** Opening RECORDED DATA block **

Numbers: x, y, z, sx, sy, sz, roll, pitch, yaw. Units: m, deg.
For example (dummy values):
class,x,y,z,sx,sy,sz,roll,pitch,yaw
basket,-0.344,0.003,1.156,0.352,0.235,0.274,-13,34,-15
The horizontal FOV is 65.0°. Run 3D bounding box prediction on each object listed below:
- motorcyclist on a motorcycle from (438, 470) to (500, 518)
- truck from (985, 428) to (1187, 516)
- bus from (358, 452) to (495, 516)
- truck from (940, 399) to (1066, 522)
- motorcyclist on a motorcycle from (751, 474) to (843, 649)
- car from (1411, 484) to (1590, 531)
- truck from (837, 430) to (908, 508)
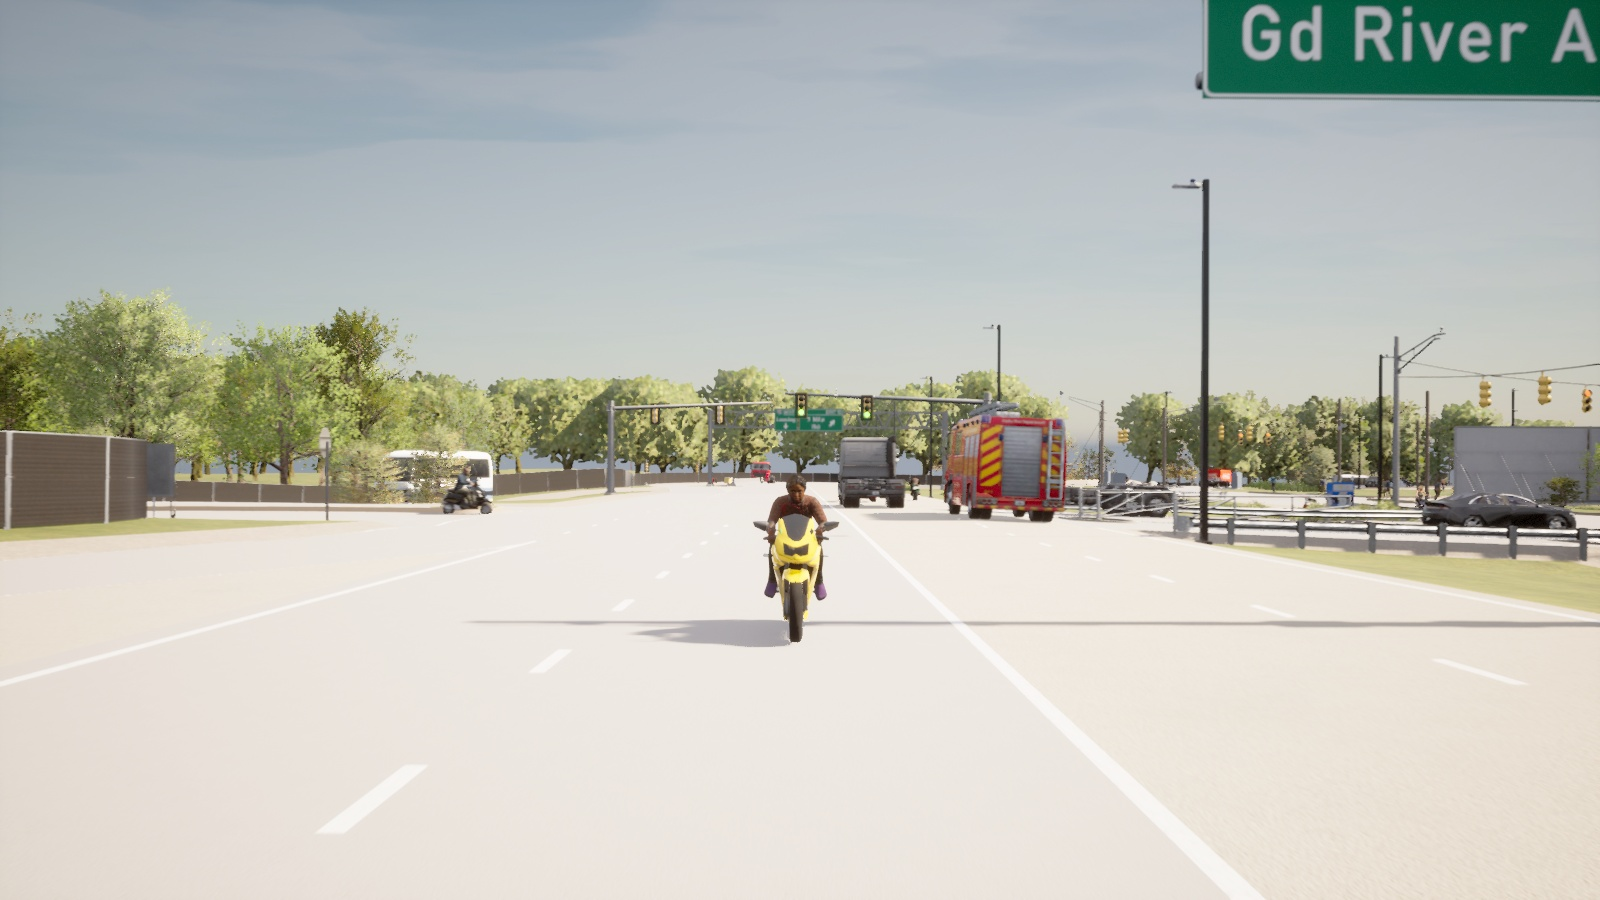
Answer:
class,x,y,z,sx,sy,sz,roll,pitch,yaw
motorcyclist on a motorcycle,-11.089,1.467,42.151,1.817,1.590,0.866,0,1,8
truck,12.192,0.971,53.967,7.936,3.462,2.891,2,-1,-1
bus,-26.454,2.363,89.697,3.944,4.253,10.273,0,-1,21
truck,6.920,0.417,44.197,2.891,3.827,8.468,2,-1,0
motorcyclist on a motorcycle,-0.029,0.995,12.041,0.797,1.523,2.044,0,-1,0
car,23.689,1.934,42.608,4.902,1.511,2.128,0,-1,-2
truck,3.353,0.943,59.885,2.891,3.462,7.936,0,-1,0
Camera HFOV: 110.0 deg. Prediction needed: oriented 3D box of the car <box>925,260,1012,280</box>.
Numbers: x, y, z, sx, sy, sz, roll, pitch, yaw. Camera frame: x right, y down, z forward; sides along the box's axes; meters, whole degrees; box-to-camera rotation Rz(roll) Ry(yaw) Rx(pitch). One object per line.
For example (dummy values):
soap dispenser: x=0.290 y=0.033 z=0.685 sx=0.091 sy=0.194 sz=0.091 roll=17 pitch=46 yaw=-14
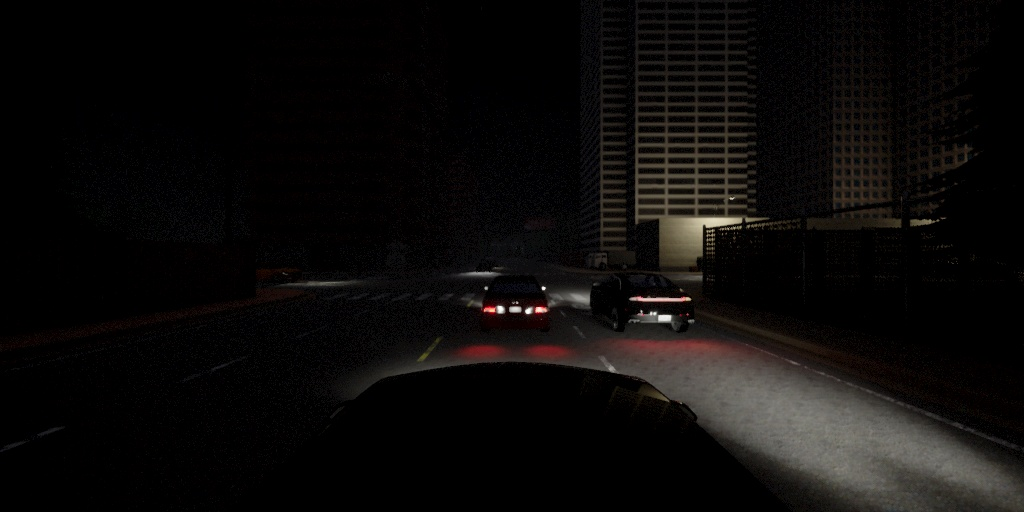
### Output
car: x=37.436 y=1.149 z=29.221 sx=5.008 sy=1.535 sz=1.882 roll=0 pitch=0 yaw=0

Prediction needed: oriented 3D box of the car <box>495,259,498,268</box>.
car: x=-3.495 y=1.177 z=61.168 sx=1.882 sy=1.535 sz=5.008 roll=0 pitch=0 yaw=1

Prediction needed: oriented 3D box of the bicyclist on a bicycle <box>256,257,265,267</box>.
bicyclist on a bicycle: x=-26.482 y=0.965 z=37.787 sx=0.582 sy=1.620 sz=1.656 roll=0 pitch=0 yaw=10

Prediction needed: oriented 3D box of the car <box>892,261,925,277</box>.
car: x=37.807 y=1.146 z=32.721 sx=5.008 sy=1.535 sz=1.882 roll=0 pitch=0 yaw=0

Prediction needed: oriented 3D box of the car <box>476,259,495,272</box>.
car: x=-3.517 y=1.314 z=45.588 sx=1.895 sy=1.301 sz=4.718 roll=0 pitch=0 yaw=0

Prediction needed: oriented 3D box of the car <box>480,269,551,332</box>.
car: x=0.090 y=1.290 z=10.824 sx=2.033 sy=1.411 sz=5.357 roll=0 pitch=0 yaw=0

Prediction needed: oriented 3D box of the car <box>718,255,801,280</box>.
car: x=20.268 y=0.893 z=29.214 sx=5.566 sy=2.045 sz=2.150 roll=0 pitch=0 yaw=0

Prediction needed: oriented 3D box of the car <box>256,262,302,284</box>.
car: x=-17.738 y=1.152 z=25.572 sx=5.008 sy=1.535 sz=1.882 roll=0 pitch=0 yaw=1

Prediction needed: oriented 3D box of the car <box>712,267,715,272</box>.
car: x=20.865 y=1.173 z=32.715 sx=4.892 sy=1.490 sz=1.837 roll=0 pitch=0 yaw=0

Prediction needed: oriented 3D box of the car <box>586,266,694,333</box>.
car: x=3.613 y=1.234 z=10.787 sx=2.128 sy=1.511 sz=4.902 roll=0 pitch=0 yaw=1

** Closing RECORDED DATA block **

#### [PROBLEM REQUIREMENTS]
Show each line in the listing above that has "object".

#### [TASK ANSWER]
The horizontal FOV is 65.0°. Run 3D bounding box prediction on each object listed below:
Numbers: x, y, z, sx, sy, sz, roll, pitch, yaw. Camera frame: x right, y down, z forward; sides along the box's axes; meters, whole degrees; box-to-camera rotation Rz(roll) Ry(yaw) Rx(pitch). One object per line.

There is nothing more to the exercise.